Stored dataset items

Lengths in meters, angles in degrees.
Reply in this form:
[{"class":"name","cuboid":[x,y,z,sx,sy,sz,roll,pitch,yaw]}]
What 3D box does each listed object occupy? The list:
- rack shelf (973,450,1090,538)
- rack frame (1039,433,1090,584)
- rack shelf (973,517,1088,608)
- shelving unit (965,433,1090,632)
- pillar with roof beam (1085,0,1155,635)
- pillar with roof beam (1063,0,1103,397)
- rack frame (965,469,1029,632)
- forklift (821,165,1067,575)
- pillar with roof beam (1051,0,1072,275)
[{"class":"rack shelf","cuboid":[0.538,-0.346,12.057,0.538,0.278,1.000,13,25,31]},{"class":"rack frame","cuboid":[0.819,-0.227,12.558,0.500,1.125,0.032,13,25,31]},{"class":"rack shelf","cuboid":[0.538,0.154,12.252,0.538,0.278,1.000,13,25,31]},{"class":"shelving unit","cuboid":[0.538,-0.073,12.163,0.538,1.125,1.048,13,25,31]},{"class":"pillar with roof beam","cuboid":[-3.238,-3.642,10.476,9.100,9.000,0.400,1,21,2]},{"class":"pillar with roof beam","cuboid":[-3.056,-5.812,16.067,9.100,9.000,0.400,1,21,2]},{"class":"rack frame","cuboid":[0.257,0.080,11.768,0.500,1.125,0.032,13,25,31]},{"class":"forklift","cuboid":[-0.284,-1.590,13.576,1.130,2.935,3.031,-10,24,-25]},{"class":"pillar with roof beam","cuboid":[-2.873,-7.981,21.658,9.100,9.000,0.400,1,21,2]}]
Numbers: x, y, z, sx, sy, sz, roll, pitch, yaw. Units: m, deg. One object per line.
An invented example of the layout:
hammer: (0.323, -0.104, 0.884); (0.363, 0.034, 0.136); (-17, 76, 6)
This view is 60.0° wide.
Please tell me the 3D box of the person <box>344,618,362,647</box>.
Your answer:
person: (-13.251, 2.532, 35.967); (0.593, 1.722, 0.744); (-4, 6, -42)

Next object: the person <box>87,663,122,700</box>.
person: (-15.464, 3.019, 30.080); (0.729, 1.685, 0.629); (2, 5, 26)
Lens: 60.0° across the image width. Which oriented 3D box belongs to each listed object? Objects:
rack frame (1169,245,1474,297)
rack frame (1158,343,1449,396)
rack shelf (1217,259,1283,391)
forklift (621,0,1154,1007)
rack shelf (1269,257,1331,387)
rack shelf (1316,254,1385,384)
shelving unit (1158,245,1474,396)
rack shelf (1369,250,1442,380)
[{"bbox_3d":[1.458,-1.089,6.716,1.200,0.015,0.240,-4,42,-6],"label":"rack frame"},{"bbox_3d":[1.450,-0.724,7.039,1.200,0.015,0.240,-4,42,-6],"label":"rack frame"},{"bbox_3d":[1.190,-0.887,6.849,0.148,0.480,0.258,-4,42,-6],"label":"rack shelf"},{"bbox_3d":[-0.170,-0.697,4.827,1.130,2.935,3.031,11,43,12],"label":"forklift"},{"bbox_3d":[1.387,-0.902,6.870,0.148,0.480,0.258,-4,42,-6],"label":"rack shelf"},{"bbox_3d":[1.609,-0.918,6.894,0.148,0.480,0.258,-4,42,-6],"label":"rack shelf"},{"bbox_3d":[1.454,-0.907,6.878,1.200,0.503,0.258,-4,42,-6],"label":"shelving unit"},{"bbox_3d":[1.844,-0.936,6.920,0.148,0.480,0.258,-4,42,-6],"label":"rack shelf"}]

#### Work instruction:
Wherever a line of the records above contains the string "roll", copy that line out.

#### Answer area:
[{"class":"name","cuboid":[x,y,z,sx,sy,sz,roll,pitch,yaw]}]
Numbers: x, y, z, sx, sy, sz, roll, pitch, yaw. Units: m, deg. One object per line.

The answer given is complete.